PROBLEM TO SOLVE: Go to the line holding "Answer: No specific" in the entries below and write out exactly every line down to and including the line holding "Answer: 60000 Which".

EXTRACTED RECORDS:

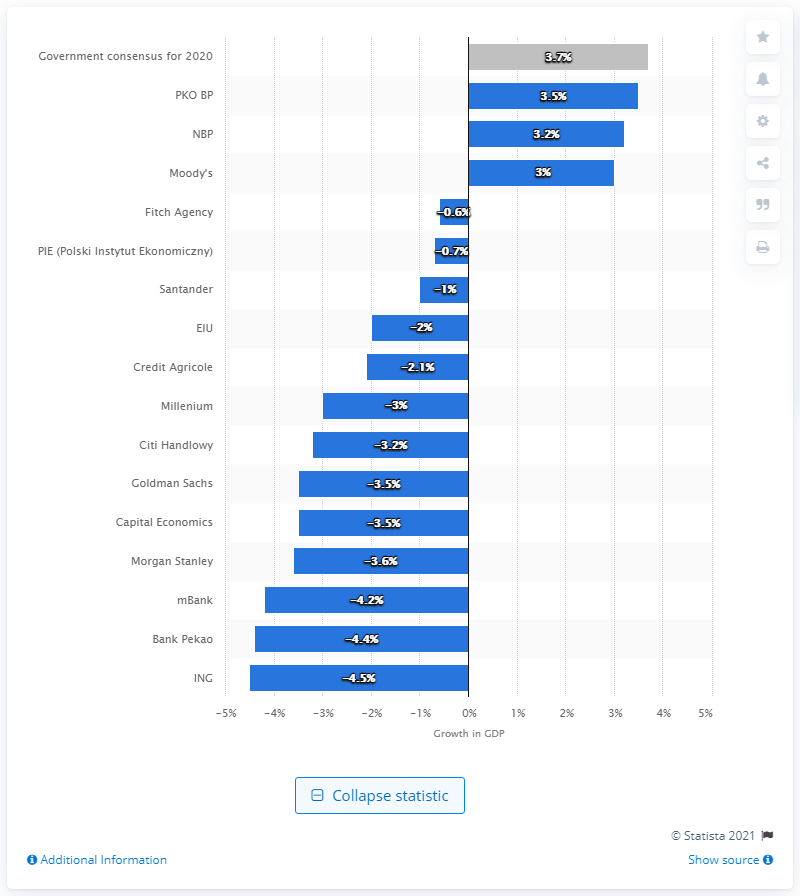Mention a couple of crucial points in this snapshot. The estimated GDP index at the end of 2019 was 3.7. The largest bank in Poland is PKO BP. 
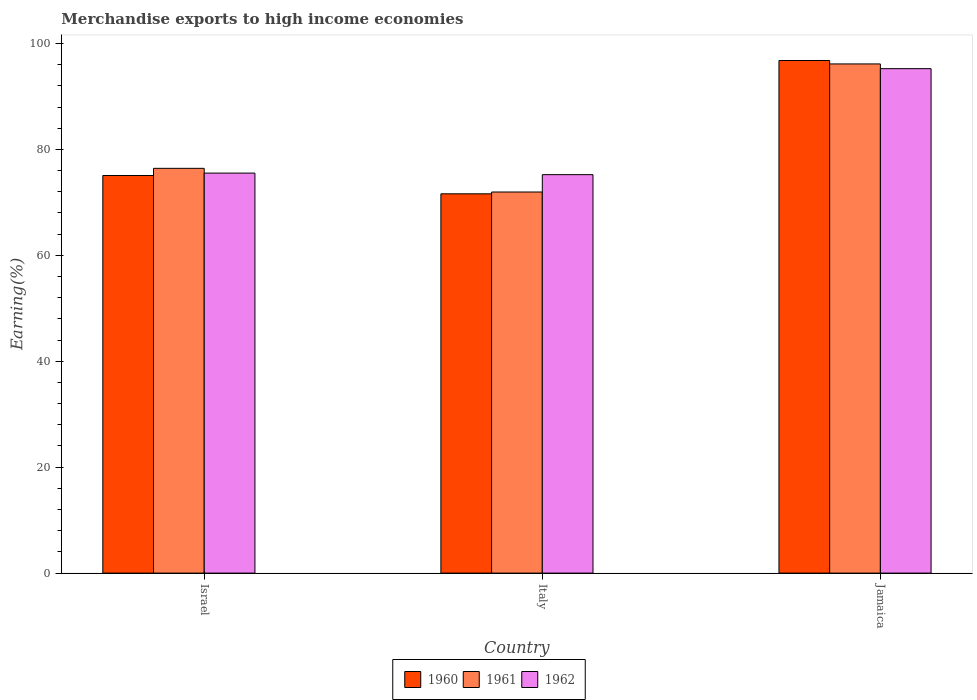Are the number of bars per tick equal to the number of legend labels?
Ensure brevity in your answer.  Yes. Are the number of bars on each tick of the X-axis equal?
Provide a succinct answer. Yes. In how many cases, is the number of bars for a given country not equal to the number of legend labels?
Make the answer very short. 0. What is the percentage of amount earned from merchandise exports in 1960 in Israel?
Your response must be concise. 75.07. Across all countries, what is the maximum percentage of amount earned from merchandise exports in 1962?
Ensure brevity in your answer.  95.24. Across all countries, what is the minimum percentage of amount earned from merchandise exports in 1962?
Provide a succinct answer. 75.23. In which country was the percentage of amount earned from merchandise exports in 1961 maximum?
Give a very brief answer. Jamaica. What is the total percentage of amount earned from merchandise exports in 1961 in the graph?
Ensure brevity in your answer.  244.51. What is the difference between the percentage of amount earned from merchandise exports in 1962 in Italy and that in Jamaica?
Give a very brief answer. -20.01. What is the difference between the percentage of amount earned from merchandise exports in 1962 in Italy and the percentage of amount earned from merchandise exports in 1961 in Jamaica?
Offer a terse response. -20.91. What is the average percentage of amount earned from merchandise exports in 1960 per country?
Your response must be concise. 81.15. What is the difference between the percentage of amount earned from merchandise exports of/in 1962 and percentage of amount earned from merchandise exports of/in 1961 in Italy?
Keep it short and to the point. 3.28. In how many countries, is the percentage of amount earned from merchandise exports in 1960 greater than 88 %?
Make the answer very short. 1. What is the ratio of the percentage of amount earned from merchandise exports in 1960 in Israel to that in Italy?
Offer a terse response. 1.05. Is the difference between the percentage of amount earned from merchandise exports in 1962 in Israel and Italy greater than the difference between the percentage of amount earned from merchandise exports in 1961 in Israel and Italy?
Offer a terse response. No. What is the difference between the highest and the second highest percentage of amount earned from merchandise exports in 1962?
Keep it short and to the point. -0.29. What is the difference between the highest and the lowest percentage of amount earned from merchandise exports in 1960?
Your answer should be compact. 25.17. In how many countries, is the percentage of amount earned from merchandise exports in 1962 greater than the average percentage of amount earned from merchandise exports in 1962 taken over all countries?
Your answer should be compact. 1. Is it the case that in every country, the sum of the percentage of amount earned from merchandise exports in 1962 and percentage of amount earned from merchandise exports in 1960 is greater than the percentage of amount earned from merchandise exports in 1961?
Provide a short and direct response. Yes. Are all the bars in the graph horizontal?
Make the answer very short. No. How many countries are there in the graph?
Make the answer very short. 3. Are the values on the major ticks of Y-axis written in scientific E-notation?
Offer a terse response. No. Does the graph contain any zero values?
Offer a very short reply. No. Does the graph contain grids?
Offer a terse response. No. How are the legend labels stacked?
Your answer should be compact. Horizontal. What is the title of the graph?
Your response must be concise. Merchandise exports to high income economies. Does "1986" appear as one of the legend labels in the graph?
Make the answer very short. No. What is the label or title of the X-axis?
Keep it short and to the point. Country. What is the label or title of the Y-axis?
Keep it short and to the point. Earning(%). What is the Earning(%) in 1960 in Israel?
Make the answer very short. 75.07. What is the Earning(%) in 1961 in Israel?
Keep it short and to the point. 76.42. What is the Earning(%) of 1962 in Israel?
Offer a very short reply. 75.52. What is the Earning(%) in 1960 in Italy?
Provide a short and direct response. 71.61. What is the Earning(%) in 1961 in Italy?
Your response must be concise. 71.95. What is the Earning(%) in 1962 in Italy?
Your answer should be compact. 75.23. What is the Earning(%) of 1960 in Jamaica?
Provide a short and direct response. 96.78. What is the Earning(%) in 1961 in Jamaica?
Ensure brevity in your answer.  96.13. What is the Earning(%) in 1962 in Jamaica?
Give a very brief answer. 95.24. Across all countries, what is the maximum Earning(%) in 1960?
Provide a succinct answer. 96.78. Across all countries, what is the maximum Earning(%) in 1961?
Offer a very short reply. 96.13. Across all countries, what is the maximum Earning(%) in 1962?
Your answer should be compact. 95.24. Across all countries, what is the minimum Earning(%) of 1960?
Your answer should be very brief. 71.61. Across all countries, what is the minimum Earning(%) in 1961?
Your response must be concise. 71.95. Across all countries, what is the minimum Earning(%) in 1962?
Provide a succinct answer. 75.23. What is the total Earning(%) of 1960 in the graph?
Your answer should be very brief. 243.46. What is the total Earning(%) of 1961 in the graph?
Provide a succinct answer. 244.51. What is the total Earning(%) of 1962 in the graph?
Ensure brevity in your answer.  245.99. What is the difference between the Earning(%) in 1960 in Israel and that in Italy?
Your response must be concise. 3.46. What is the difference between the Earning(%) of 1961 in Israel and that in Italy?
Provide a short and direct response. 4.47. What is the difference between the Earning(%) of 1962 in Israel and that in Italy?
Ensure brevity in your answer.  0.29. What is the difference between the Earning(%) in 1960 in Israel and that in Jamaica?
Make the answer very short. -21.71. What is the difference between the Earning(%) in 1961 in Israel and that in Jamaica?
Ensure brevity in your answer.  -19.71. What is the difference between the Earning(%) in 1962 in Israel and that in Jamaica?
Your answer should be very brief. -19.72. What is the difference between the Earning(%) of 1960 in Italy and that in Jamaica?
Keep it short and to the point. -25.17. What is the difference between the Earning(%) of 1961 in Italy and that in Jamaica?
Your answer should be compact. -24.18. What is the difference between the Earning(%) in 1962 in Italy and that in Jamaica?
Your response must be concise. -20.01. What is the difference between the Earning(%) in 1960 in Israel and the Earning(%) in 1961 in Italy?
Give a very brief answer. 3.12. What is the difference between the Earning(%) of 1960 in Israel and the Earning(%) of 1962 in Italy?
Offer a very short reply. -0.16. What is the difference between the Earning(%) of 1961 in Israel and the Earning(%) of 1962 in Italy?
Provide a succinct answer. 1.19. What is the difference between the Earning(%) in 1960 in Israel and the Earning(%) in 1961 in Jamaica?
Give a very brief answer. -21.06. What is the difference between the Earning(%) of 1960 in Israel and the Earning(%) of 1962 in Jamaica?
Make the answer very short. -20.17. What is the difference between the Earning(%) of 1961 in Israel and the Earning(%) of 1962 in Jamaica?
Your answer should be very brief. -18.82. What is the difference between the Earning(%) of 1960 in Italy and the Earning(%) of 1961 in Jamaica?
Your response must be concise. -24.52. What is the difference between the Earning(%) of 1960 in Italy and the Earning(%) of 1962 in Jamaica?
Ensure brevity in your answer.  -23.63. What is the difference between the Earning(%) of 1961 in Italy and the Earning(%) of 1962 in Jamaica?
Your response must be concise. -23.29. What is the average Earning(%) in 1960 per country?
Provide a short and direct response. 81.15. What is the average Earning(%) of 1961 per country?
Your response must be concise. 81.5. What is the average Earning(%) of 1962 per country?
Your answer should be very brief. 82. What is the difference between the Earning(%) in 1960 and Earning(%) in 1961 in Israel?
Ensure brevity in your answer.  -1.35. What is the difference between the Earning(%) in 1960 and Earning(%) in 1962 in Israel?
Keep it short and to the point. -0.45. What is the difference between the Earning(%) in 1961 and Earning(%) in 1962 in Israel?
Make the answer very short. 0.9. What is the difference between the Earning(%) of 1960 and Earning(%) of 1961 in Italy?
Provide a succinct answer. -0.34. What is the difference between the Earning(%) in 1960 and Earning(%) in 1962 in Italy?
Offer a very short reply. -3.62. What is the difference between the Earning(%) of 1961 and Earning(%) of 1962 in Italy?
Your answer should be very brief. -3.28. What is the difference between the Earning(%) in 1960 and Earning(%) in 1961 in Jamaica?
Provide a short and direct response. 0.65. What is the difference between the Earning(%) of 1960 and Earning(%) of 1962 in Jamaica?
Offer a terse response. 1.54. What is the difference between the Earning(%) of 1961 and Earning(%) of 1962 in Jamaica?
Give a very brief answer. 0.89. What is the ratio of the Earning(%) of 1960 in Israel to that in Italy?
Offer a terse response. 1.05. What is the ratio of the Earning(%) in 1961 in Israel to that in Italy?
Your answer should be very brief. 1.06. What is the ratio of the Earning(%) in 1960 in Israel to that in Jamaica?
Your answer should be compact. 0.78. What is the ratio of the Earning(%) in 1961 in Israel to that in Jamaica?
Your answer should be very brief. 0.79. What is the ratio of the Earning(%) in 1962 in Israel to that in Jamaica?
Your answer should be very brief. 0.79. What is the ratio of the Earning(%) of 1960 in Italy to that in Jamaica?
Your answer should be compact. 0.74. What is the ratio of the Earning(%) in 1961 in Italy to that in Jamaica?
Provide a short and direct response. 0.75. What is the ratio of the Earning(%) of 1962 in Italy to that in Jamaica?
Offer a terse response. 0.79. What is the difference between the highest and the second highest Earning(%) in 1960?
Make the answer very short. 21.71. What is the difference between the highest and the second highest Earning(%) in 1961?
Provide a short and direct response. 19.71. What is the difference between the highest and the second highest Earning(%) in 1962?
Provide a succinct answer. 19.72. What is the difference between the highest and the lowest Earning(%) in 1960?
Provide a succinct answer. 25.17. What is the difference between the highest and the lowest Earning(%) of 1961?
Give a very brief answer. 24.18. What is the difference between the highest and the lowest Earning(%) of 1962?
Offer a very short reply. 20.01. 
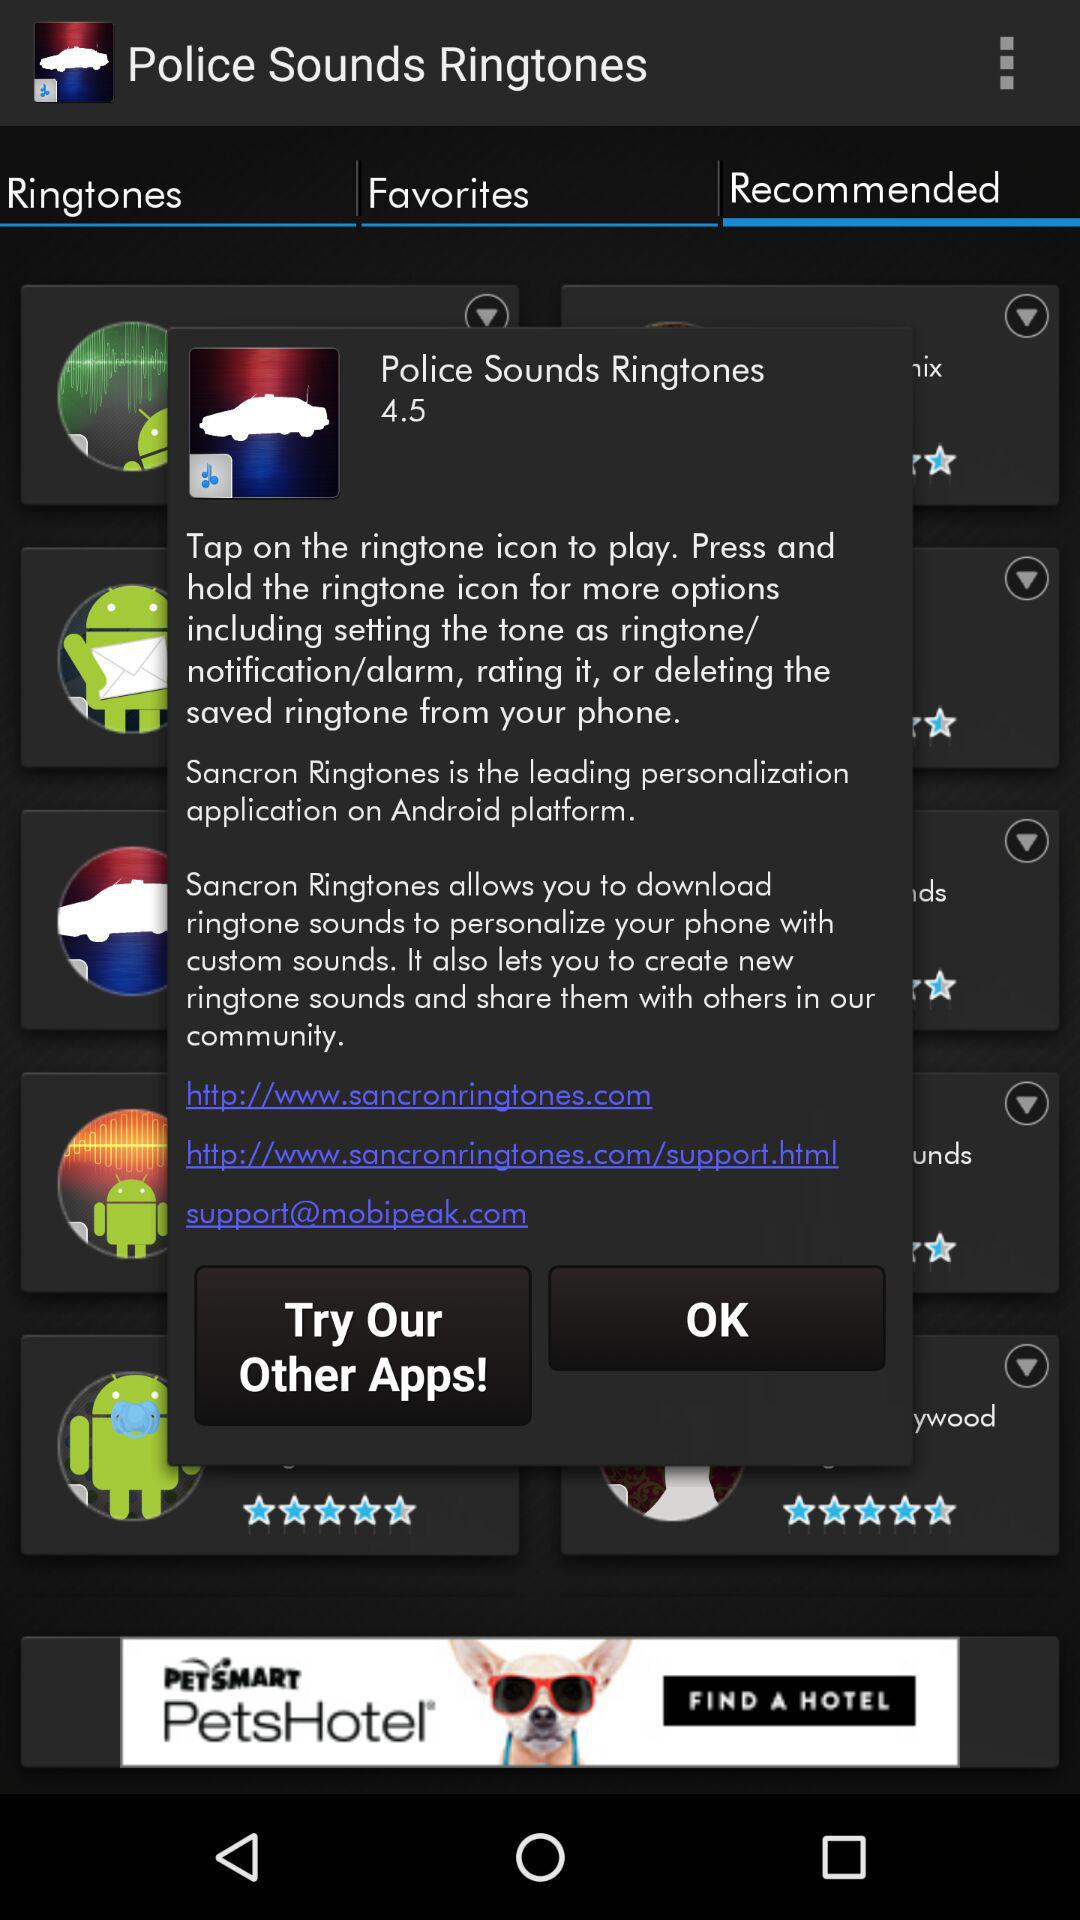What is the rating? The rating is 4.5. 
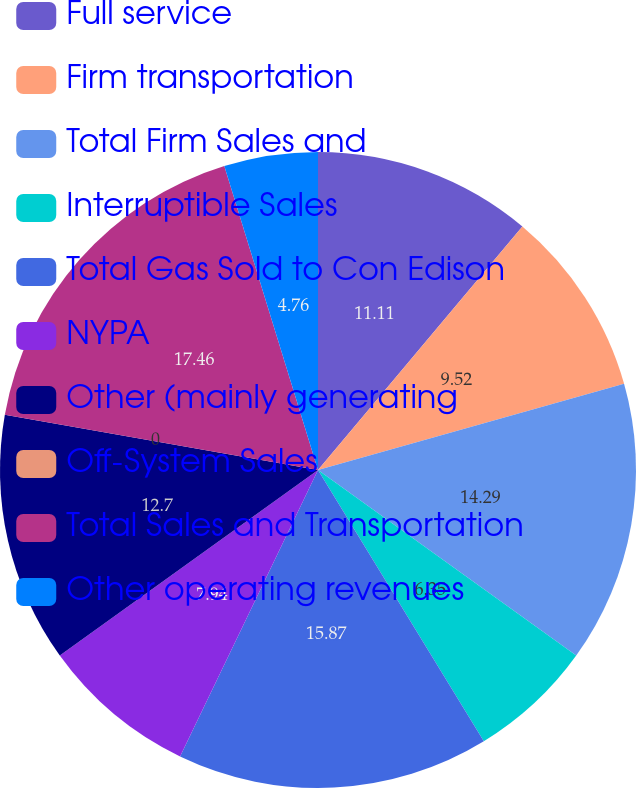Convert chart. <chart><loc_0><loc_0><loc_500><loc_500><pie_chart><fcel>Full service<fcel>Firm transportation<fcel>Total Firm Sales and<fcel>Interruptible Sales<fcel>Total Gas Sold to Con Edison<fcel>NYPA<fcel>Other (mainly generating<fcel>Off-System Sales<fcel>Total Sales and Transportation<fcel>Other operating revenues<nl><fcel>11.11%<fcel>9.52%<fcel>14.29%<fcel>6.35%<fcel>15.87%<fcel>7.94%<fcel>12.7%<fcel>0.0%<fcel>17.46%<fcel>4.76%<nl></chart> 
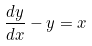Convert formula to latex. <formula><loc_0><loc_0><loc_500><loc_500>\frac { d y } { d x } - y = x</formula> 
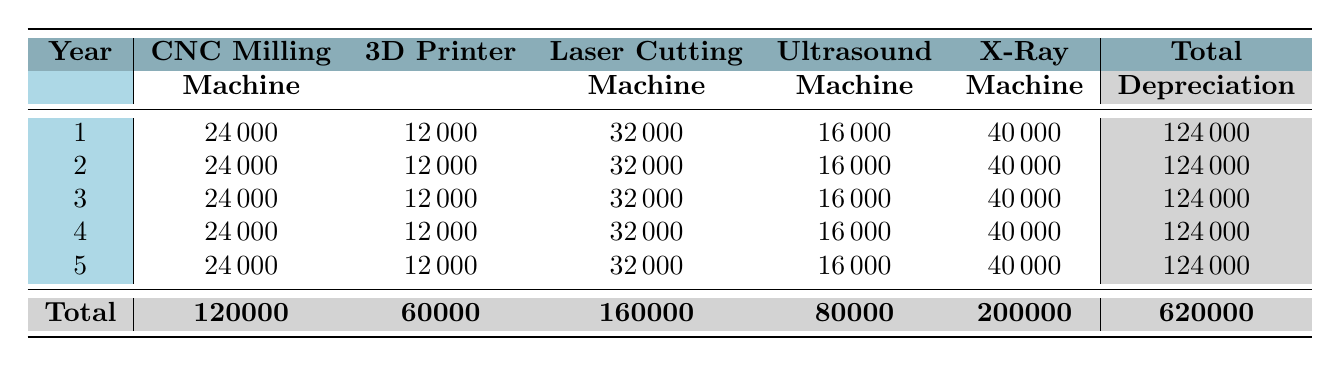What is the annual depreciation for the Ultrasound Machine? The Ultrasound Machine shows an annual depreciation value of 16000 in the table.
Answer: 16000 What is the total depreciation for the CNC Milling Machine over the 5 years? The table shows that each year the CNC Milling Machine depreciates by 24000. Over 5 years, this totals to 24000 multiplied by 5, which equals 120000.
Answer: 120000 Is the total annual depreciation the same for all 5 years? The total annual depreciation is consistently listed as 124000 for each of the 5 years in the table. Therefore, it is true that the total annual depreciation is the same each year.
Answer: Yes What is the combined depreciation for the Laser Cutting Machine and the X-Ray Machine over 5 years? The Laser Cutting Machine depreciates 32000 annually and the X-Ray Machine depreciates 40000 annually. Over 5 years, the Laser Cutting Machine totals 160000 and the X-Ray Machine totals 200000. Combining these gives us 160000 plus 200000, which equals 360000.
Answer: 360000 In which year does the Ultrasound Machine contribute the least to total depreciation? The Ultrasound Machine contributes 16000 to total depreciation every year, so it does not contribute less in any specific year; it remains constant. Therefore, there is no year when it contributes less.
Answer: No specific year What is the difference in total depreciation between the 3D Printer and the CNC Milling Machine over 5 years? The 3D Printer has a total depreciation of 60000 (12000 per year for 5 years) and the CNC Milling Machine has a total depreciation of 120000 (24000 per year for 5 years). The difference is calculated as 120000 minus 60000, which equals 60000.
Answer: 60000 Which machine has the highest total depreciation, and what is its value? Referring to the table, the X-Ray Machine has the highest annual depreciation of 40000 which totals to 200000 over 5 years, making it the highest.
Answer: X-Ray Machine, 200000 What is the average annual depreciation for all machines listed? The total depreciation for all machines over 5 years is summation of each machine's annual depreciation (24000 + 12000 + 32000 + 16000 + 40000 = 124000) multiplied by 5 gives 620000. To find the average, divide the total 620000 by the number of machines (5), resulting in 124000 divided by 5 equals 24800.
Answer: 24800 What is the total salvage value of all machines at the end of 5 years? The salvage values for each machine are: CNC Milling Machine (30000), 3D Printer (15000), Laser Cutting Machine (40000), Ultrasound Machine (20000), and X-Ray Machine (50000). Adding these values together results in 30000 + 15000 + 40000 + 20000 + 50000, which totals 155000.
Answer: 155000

RESPONSE TO THIS TASK:
Answer: No specific year What is the difference in total depreciation between the 3D Printer and the CNC Milling Machine over 5 years? The 3D Printer has a total depreciation of 60000 (12000 per year for 5 years) and the CNC Milling Machine has a total depreciation of 120000 (24000 per year for 5 years). The difference is calculated as 120000 minus 60000, which equals 60000.
Answer: 60000 Which machine has the highest total depreciation, and what is its value? Referring to the table, the X-Ray Machine has the highest annual depreciation of 40000 which totals to 200000 over 5 years, making it the highest.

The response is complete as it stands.